**Assignment**
Transcribe only the lines of the listing below from the one holding "Each of these can be read from the GTKWave" through the one holding "16. values of", inclusive, without any change.
.....
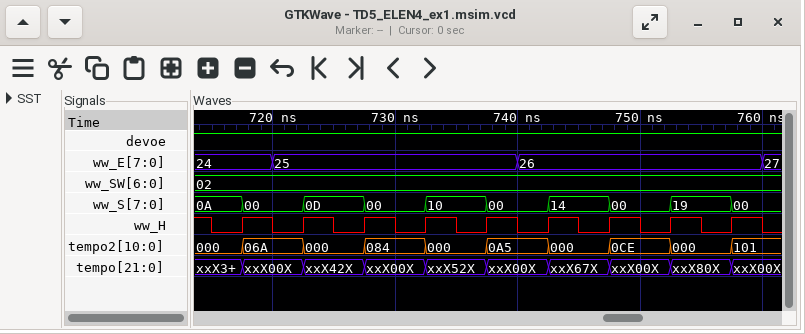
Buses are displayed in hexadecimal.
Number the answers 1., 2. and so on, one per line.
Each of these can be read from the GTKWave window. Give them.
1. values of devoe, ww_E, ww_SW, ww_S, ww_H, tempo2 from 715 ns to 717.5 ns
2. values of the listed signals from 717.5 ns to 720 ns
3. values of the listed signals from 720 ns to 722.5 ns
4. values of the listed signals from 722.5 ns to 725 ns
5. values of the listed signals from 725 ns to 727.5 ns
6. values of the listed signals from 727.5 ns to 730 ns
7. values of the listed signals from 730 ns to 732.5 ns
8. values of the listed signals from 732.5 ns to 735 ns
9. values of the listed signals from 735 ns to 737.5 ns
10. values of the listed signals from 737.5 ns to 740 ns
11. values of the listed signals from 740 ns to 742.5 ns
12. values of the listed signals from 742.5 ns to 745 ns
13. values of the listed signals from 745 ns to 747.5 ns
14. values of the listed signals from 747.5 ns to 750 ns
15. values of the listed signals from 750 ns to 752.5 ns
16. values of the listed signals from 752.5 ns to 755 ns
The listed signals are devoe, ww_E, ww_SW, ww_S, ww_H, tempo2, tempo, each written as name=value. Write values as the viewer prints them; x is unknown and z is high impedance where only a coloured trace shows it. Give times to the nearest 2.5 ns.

1. devoe=1, ww_E=24, ww_SW=02, ww_S=0A, ww_H=0, tempo2=000
2. devoe=1, ww_E=24, ww_SW=02, ww_S=00, ww_H=1, tempo2=06A, tempo=xxX00X
3. devoe=1, ww_E=25, ww_SW=02, ww_S=00, ww_H=0, tempo2=06A, tempo=xxX00X
4. devoe=1, ww_E=25, ww_SW=02, ww_S=0D, ww_H=1, tempo2=000, tempo=xxX42X
5. devoe=1, ww_E=25, ww_SW=02, ww_S=0D, ww_H=0, tempo2=000, tempo=xxX42X
6. devoe=1, ww_E=25, ww_SW=02, ww_S=00, ww_H=1, tempo2=084, tempo=xxX00X
7. devoe=1, ww_E=25, ww_SW=02, ww_S=00, ww_H=0, tempo2=084, tempo=xxX00X
8. devoe=1, ww_E=25, ww_SW=02, ww_S=10, ww_H=1, tempo2=000, tempo=xxX52X
9. devoe=1, ww_E=25, ww_SW=02, ww_S=10, ww_H=0, tempo2=000, tempo=xxX52X
10. devoe=1, ww_E=25, ww_SW=02, ww_S=00, ww_H=1, tempo2=0A5, tempo=xxX00X
11. devoe=1, ww_E=26, ww_SW=02, ww_S=00, ww_H=0, tempo2=0A5, tempo=xxX00X
12. devoe=1, ww_E=26, ww_SW=02, ww_S=14, ww_H=1, tempo2=000, tempo=xxX67X
13. devoe=1, ww_E=26, ww_SW=02, ww_S=14, ww_H=0, tempo2=000, tempo=xxX67X
14. devoe=1, ww_E=26, ww_SW=02, ww_S=00, ww_H=1, tempo2=0CE, tempo=xxX00X
15. devoe=1, ww_E=26, ww_SW=02, ww_S=00, ww_H=0, tempo2=0CE, tempo=xxX00X
16. devoe=1, ww_E=26, ww_SW=02, ww_S=19, ww_H=1, tempo2=000, tempo=xxX80X
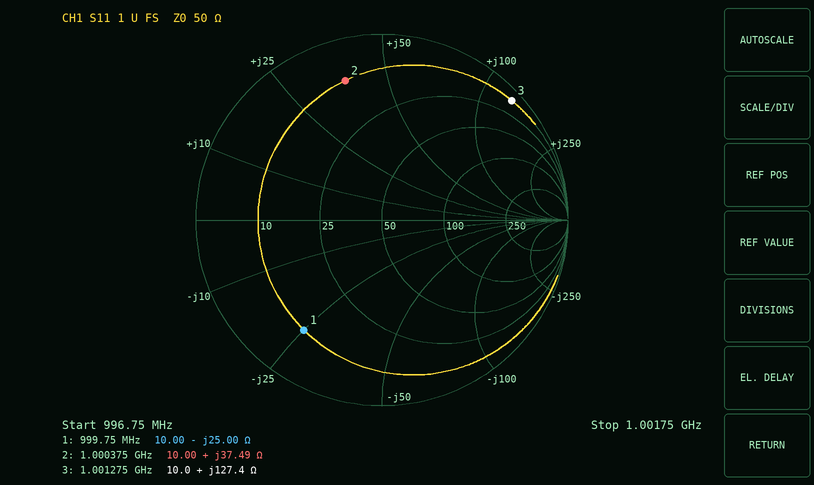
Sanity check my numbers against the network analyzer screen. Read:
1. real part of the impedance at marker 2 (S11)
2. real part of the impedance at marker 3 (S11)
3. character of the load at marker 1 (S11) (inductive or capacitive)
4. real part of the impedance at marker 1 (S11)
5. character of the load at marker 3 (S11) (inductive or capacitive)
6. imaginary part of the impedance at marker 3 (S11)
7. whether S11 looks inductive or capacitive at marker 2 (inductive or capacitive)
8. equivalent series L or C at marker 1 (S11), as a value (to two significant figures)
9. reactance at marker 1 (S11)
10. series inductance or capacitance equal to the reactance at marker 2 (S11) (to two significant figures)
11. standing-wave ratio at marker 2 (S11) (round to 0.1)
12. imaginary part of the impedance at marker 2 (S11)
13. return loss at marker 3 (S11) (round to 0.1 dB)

10.00 Ω
10.0 Ω
capacitive
10.00 Ω
inductive
+127.4 Ω
inductive
6.4 pF
-25.00 Ω
6.0 nH
7.9
+37.49 Ω
0.5 dB
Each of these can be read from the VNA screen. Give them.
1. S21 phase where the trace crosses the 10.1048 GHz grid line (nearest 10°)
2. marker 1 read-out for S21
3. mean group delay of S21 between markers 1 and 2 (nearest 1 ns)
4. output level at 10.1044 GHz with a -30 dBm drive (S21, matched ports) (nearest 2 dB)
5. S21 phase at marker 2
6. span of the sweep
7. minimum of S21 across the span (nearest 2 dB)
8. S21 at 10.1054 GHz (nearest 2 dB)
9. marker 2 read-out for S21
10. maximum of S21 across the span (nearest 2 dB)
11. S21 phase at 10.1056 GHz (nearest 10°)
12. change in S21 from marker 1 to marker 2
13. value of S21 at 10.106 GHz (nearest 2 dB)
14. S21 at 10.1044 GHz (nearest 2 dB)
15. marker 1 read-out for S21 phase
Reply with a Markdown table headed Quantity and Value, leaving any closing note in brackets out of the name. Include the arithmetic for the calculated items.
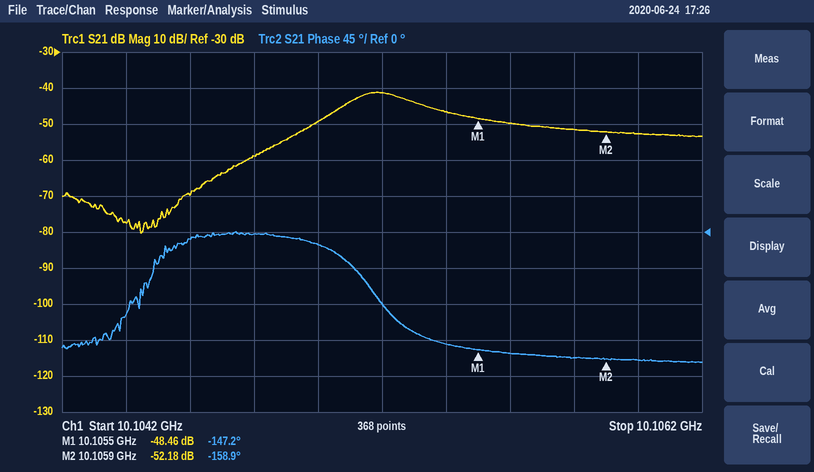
.....
**Response**
Each of these can be read from the GTKWave window. Give them.
1. values of devoe, ww_E, ww_SW, ww_S, ww_H, tempo2 from 715 ns to 717.5 ns
2. values of the listed signals from 717.5 ns to 720 ns
3. values of the listed signals from 720 ns to 722.5 ns
4. values of the listed signals from 722.5 ns to 725 ns
5. values of the listed signals from 725 ns to 727.5 ns
6. values of the listed signals from 727.5 ns to 730 ns
7. values of the listed signals from 730 ns to 732.5 ns
8. values of the listed signals from 732.5 ns to 735 ns
9. values of the listed signals from 735 ns to 737.5 ns
10. values of the listed signals from 737.5 ns to 740 ns
11. values of the listed signals from 740 ns to 742.5 ns
12. values of the listed signals from 742.5 ns to 745 ns
13. values of the listed signals from 745 ns to 747.5 ns
14. values of the listed signals from 747.5 ns to 750 ns
15. values of the listed signals from 750 ns to 752.5 ns
16. values of the listed signals from 752.5 ns to 755 ns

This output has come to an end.